犬の擦り傷は、対処法を間違えると治りが遅くなる可能性があります。犬の擦り傷に使う薬にはどのようなものがあるのか、また擦り傷に効く人間用の薬は犬に使っても良いものなのかについても解説します。

犬が擦り傷を作る原因3つ

犬が擦り傷を作る原因は様々ですが、特に多く見られる原因を3つ紹介します。

異物を踏む

犬 脚

散歩中に、尖った石やガラスの破片などを踏んでしまうことが擦り傷になってしまう原因のひとつです。犬の体は全体的に体毛で覆われており、外傷から皮膚を守ってくれるのですが、足の裏は肉球や爪などがあるため毛量が少なくなっています。

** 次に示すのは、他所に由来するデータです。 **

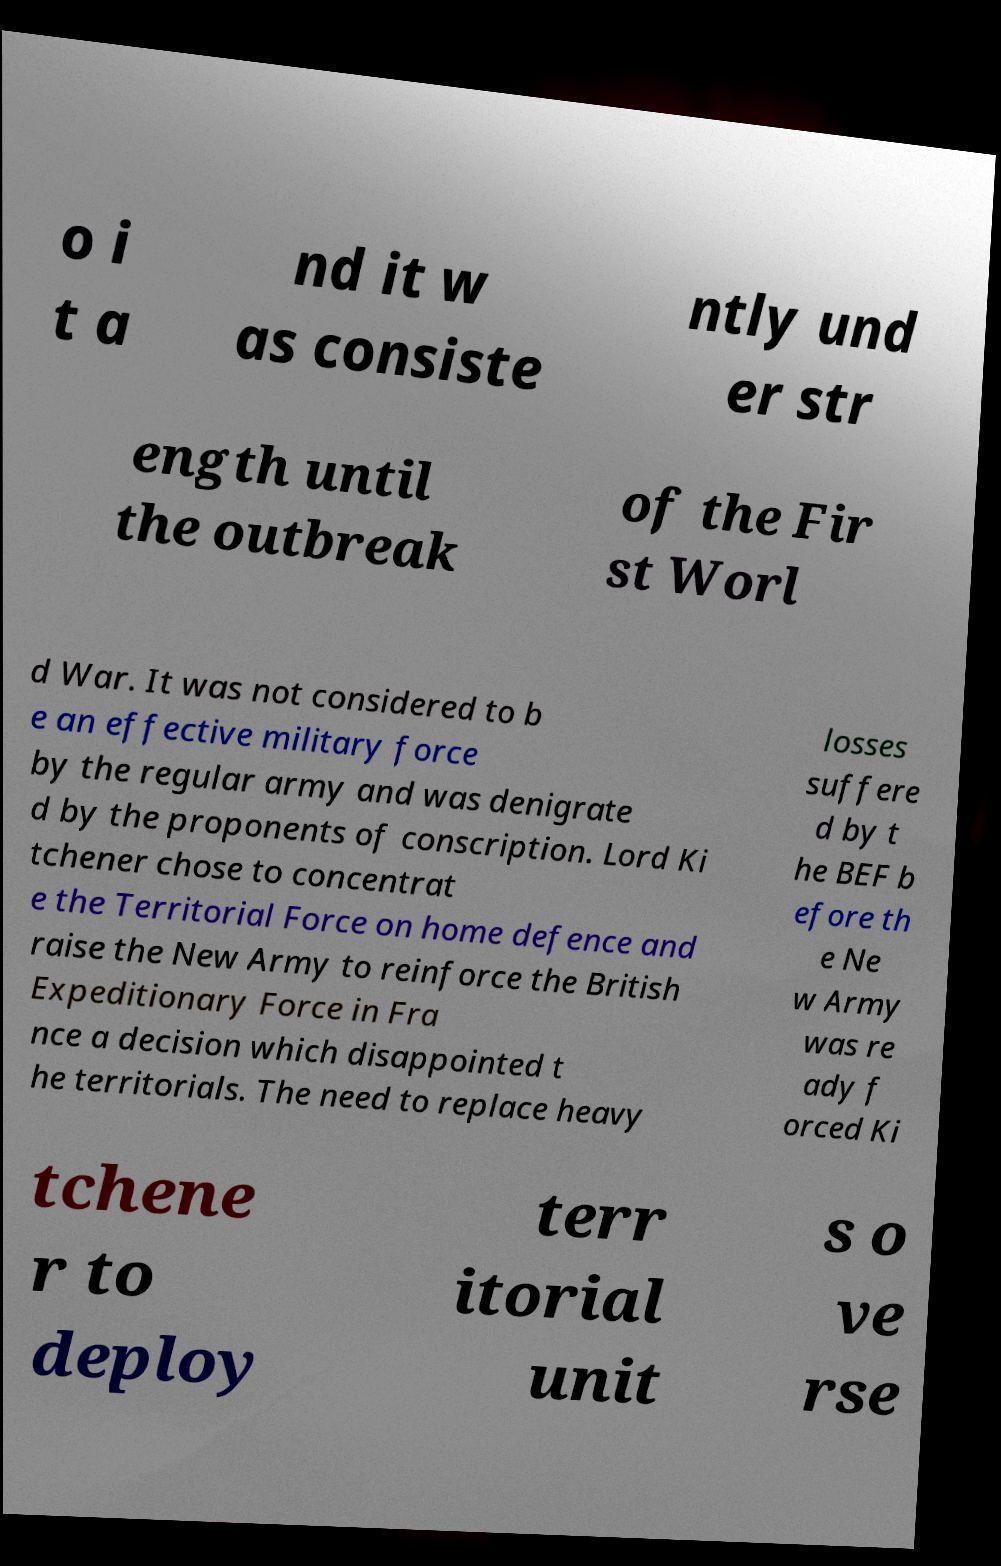Please read and relay the text visible in this image. What does it say? o i t a nd it w as consiste ntly und er str ength until the outbreak of the Fir st Worl d War. It was not considered to b e an effective military force by the regular army and was denigrate d by the proponents of conscription. Lord Ki tchener chose to concentrat e the Territorial Force on home defence and raise the New Army to reinforce the British Expeditionary Force in Fra nce a decision which disappointed t he territorials. The need to replace heavy losses suffere d by t he BEF b efore th e Ne w Army was re ady f orced Ki tchene r to deploy terr itorial unit s o ve rse 
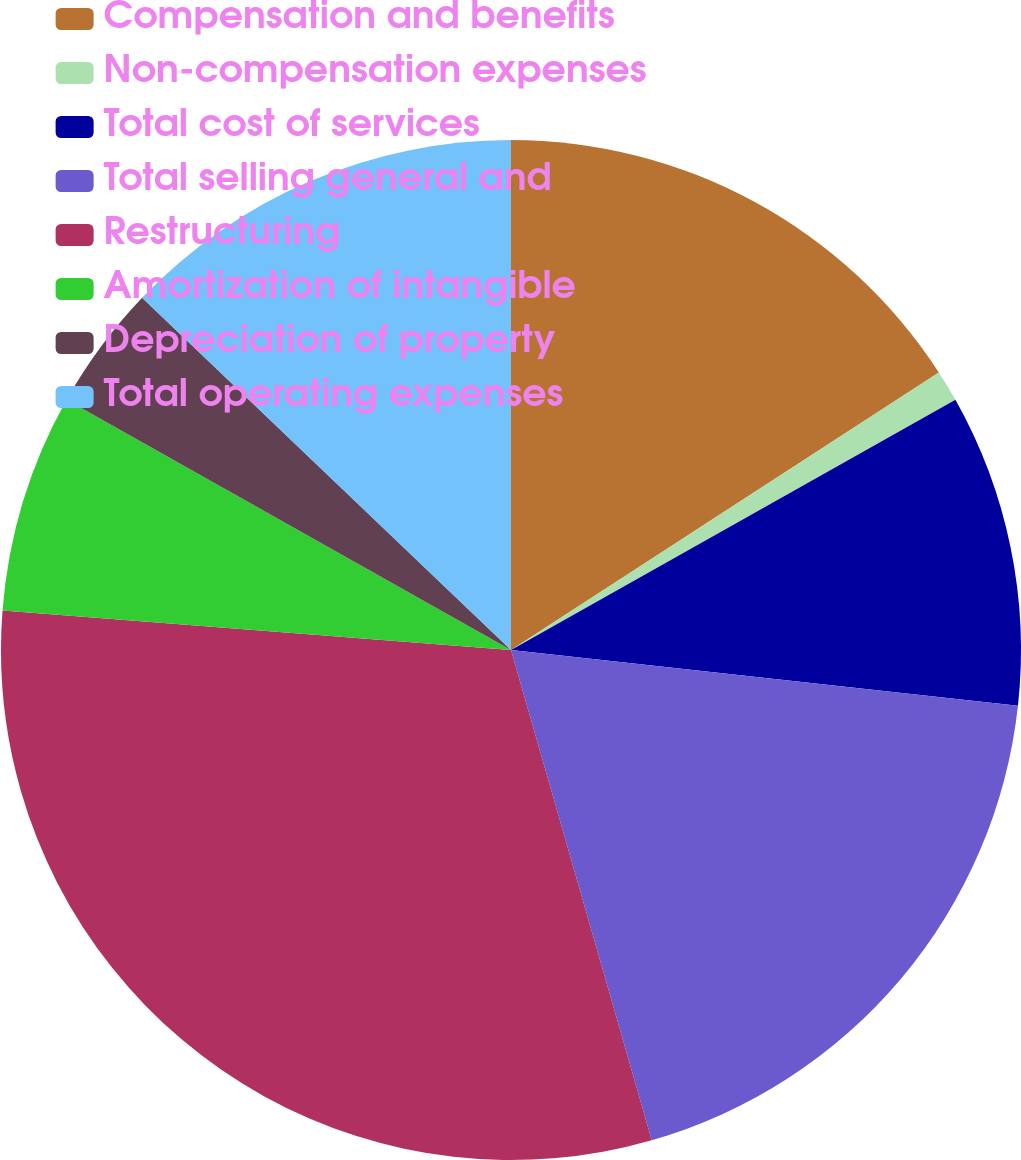<chart> <loc_0><loc_0><loc_500><loc_500><pie_chart><fcel>Compensation and benefits<fcel>Non-compensation expenses<fcel>Total cost of services<fcel>Total selling general and<fcel>Restructuring<fcel>Amortization of intangible<fcel>Depreciation of property<fcel>Total operating expenses<nl><fcel>15.84%<fcel>1.0%<fcel>9.9%<fcel>18.81%<fcel>30.68%<fcel>6.93%<fcel>3.97%<fcel>12.87%<nl></chart> 
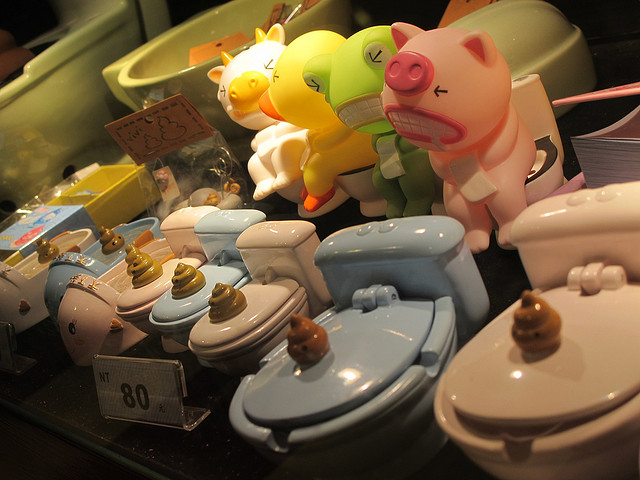Extract all visible text content from this image. 80

歩いている最中に踏んだものが皮膚へダイレクトに触れるため、擦り傷のリスクも他の部位に比べると高くなると言えるでしょう。爪と皮膚の境目や、肉球などが擦れて切れることで、出血が見られる場合もあります。

猫にひっかかれる

猫 手

「猫パンチ」という言葉通り、猫は威嚇や攻撃をする際に鋭い爪を立てて手を挙げることがあります。そのため、猫とケンカした際に耳や顔などに擦り傷を負ってしまうと考えられます。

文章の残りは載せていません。